Data send back in response in this case, will for sure vary depending on the type of API you are building and for what it is used. Balance need to be found between providing enough info for end users to understand the error of their way, while also not helping bad actors with too much info. My suggestion would be either don't send any data in response body, or just send generic message "Invalid credentials" for all type of situations.
One more common thing that I see over and over again, is that not only we want to protect some data exposed, but that also some sets of data should be accessible only by certain roles. In this case when someone provided valid credentials, however requested data that shouldn't be accessed by that user 403 status code should be used.
One of common errors that I encounter over and over again is that status codes 401 and 403 are mixed, or only one of them used for both cases. There isn't really need for that, since they are intended for different situations.
Nowadays you don't see to often 404 page in web sites. It is either replaced by some nice page saying that page you were looking for don't exists or some other page is shown as the best guess from what you were looking for.
In the world of API it is still encountered often, however not always in the right places. Proper usage of HTTP status code 404 should be in case URL hit is incorrect, in other words end point doesn't exists.

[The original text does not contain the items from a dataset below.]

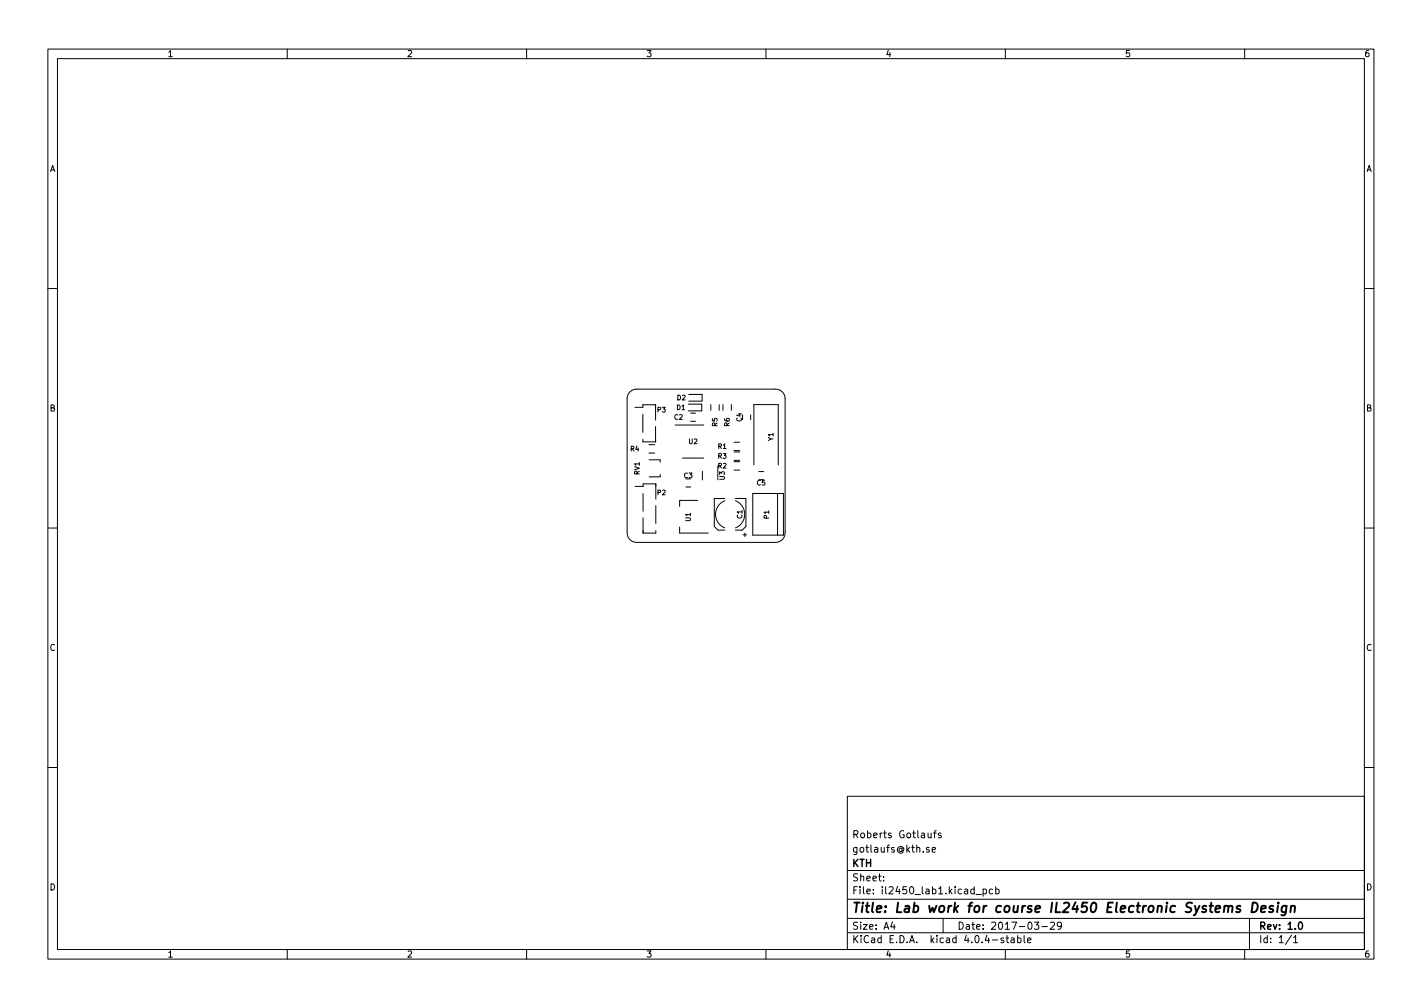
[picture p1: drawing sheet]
<svg xmlns="http://www.w3.org/2000/svg" width="297mm" height="210mm" viewBox="0 0 297 210" stroke-linecap="round" stroke-linejoin="round" font-family="sans-serif">
<defs><g id="words">
<text font-size="2.8" x="178" y="190.6">Title: Lab work for course IL2450 Electronic Systems Design</text>
<g font-size="2.1">
<text x="178" y="178">gotlaufs@kth.se</text>
<text x="178" y="175">Roberts Gotlaufs</text>
<text x="178" y="184">Sheet:</text>
<text x="178" y="181">KTH</text>
<text x="178" y="186.7">File: il2450_lab1.kicad_pcb</text>
<text x="178" y="196.9">KiCad E.D.A. kicad 4.0.4-stable</text>
<text x="178" y="194.1">Size: A4</text>
<text x="200" y="194.1">Date: 2017-03-29</text>
<text x="263" y="194.1">Rev: 1.0</text>
<text x="263" y="196.9">Id: 1/1</text>
</g>
<g font-size="1.8">
<text x="35" y="11.9">1</text>
<text x="85" y="11.9">2</text>
<text x="135" y="11.9">3</text>
<text x="185" y="11.9">4</text>
<text x="235" y="11.9">5</text>
<text x="285" y="11.9">6</text>
<text x="10.3" y="35.9">A</text>
<text x="285.3" y="35.9">A</text>
<text x="10.3" y="85.9">B</text>
<text x="285.3" y="85.9">B</text>
<text x="10.3" y="135.9">C</text>
<text x="285.3" y="135.9">C</text>
<text x="10.3" y="185.9">D</text>
<text x="285.3" y="185.9">D</text>
<text x="35" y="199.9">1</text>
<text x="85" y="199.9">2</text>
<text x="135" y="199.9">3</text>
<text x="185" y="199.9">4</text>
<text x="235" y="199.9">5</text>
<text x="285" y="199.9">6</text>
</g>
<g font-size="1.4">
<text x="141.4" y="83.6">D2</text>
<text x="137.3" y="86.1">P3</text>
<text x="140.8" y="87.6">C2</text>
<text x="141.3" y="85.6">D1</text>
<text x="149.9" y="89" transform="rotate(-90 149.9 89)">R5</text>
<text x="152.4" y="89" transform="rotate(-90 152.4 89)">R6</text>
<text x="154.9" y="88" transform="rotate(-90 154.9 88)">C4</text>
<text x="131.7" y="94.2">R4</text>
<text x="143.9" y="92.7">U2</text>
<text x="150" y="93.7">R1</text>
<text x="150" y="95.7">R3</text>
<text x="161.5" y="92" transform="rotate(-90 161.5 92)">Y1</text>
<text x="133.6" y="99.1" transform="rotate(-90 133.6 99.1)">RV1</text>
<text x="142.9" y="99.8">C3</text>
<text x="150" y="97.8">R2</text>
<text x="151.4" y="100.2" transform="rotate(-90 151.4 100.2)">U3</text>
<text x="158.1" y="101.3">C5</text>
<text x="137.3" y="103.4">P2</text>
<text x="144.3" y="108.8" transform="rotate(-90 144.3 108.8)">U1</text>
<text x="155" y="108.3" transform="rotate(-90 155 108.3)">C1</text>
<text x="156" y="112.1" transform="rotate(-90 156 112.1)">+</text>
<text x="160.6" y="108.3" transform="rotate(-90 160.6 108.3)">P1</text>
</g>
</g></defs>
<g fill="none" stroke="#000" stroke-width=".21">
<path d="M10 10.2h277v190.1h-277zM12 12.2h273v186.1h-273zM60 10.2v2M110 10.2v2M160 10.2v2M210 10.2v2M260 10.2v2M10 60.2h2M285 60.2h2M131.6 81.8l.7-.4 .7-.2h29a2 2 0 0 1 2 2v28a2 2 0 0 1-2 2h-29a2 2 0 0 1-2-2v-28l.1-.6zM132.6 85h1.7v-.5h2.6v3.2M134.3 86.5v3.7"/>
<path d="M135.5 94.6h1.2M135.5 92.8h1.2M135.6 96h2.3v.5M136.9 89.1v3.2h-2.6v-.6M137.9 99.1v.5h-2.3M141 88.7h6M142.6 95.6h4.4M143.8 84.4h2.8v1.4h-2.8M143.9 82.4h2.8v1.4h-2.8M144.3 86.3h1M144.3 88h1M146.7 98.4v1.8"/>
<path d="M148.5 84.5v1.2M149.9 97.3v2.9M150.2 84.5v1.2M151 84.5v1.2M152.8 84.5v1.2M153.3 92.3h1.2M153.3 94.1h1.2M153.3 96.4h1.2M153.3 98.2h1.2M153.3 94.4h1.2M153.3 96.1h1.2M156.8 86.6v1"/>
<path d="M157.5 97.1v-12.6h5.1v12.6M158.5 98.5h1M10 110.2h2M132.7 101.6h1.6v-.6h2.7v3.2M134.3 108.1v3.2h2.7v-.5M134.3 103v3.8M137 105.6v3.7M142 110v1.3h6M143.3 101.7h1M145.7 104.5h-3.7v1.2M151.4 104.6a3 3 0 0 0-1.9 2.8 3 3 0 0 0 1.9 2.8M151.4 104.1h-2.2v5.8l.8 .8h1.4"/>
<path d="M153.6 104.6a3 3 0 0 1 2 2.8 3 3 0 0 1-2 2.8M153.6 104.1h2.2v5.8l-.7 .8h-1.5M157.2 103h6.5v8.7h-6.5zM162.4 103v8.7M285 110.2h2M10 160.2h2M177 166.3h108v32h-108zM193.9 173.9v1h.4l.2-.1M194.1 177l-.4-.1-.2 .2 .1 .3 .5 .1v.4h-.6M194.5 173.9v1M194.7 177.4l.7-.1v-.3l-.5-.1-.2 .2 .1 .8h.6M195 173.9h.6"/>
<path d="M195.6 173.4l-.4 .2v1.3M196.6 174l-.4-.1-.2 .2 .1 .3 .5 .1v.4h-.6M285 160.2h2M60 198.3v2M110 198.3v2M160 198.3v2M177 194.8h108M177 191.8h108M177 187.8h108M177 181.8h108M184.6 183.8v.1M184.6 183v.1"/>
<path d="M186.4 192.5l-.3 1h.9M186.8 193v1M197 191.8v3M203.9 186.8h1.1M205.4 185.7l.4-.1 .3 .3-.2 .7h-.5M205.4 185.6v1.5M207.4 185.7l-.5-.1-.3 .3 .2 .7h.6M208 185.7l.4-.1 .3 .3-.1 .7h-.6M208 185.1v1.5M209.6 195.9l-.3-.1-.2 .2v.3l.5 .1v.4h-.5M210 198.3v2M210.1 195.8h.6"/>
<path d="M210.4 195.3v1.3l.3 .2M211.2 195.9h.6l.1 .9M211.9 196.2l-.5 .1-.3 .2 .3 .3h.5M212.6 195.9l.4-.1 .3 .3-.2 .7h-.5M212.6 195.3v1.5M213.9 195.3v1.3l.2 .2M214.6 196.3l.8-.1-.1-.3-.4-.1-.3 .2 .1 .8h.6M216.1 192.5h.9l-.5 .6 .4 .1v.7l-.2 .1-.6-.1M217.6 193.5h1.2M219.4 192.7l.6-.2 .3 .5-.9 1h.9M221.7 193.2l-.3 .3-.4-.1-.1-.2 .1-.6 .4-.1 .2 .2a.99 .99 0 0 1-.3 1.3h-.3M260 198.3v2"/>
<path d="M261 191.8v6.5M269.8 195.3l-1.3 1.9M270.2 195.8l.4-.5v1.5M270.2 196.8h.9"/>
</g>
<path d="M271.4 192.7l.2-.2a.8 .8 0 0 1 .5 .8 .8 .8 0 0 1-.5 .7l-.2-.1-.2-.4z" fill="none" stroke="#000" stroke-width=".3"/>
<path d="M259.1 189.2a.49 .49 0 0 0-.8 .3l.1 .2 .5 .1 .2 .3-.3 .4-.6-.1M261.7 188.5a.96 .96 0 0 1 1 .5 .96 .96 0 0 1-.3 1.2l-.5 .3h-.5zM263.4 189.8l1-.2v-.4h-.8l-.2 1 .2 .3 .6-.1M266 189.2a.49 .49 0 0 0-.8 .3l.2 .3 .5 .1 .1 .3-.4 .3-.5-.1M266.9 189.1l-.1 1.4M267 188.5v.2M268.7 189.2a.66 .66 0 0 0-.9 .3l-.1 .6 .1 .3h.8M268.8 189.1l-.3 1.6-.4 .4-.4-.1M269.7 189.3l.3-.2 .5 .1-.1 1.3M269.7 189.1l-.2 1.4" fill="none" stroke="#000" stroke-width=".4"/>
<use href="#words"/>
</svg>

There are few edge cases that should be taken into account
$ curl <API>/jflajflajlfjalf
Should result in 404 since URL
Where it goes wrong is when people start sending back 404 in cases there is no data, while URL is correct one.
For example request
$ $ curl <API>/person?fist_name=jflajflajflajfla
We covered this use case above and as stated we either return 204, or 200 with empty object/list in response. Status 404 can't be used since URL
Let us now look at little different example. Let us assume that we can request person by id by creating request like this
$ curl <API>/persons/123
In this case person id is part of URL for request. If there is data, we should send data back and status code 200. However, in case there is no data we should send 404, since there is no data and requested resource doesn't exists, we can't retrieve data/resource using that URL. HTTP status code 404 is used for Resource Not Found, so in case there is no Person with ID equal to 123 URL will not contain resource/data, and 404 is correct response.
Keep this in mind when designing API and ways to request data. Also, keep in mind that usually there are multiple layers between your API and consumer, and there can be cashing and optimization happening at any of them. Not all of them will be in your control. For example, if your API is called from front end code in browser, and some response return 404, there is good chance that call to that same URL will not happen from browser for some time, and instead it will be short-circuited to 404.
I am true believer, that no mater what is thrown at our applications, they should never crash or display error to the end user. Similar approach in my mind should be taken, also in the case of API's. No matter what is thrown at them, API's should do all in their power to response accordingly and provide appropriate status code. Status code 500 should be left as a last resort, for those edge cases that we haven't tough of and haven't covered yet.
HTTP status code 500 in the end means "Internal server error", so if it is produced it means there is use case or edge case that we haven't covered, and we should fix it ASAP.
It is good practice to have general understanding of which group of status codes are used for what, in that way it is easier to find the correct one and also validate if we are on the right track with existing ones.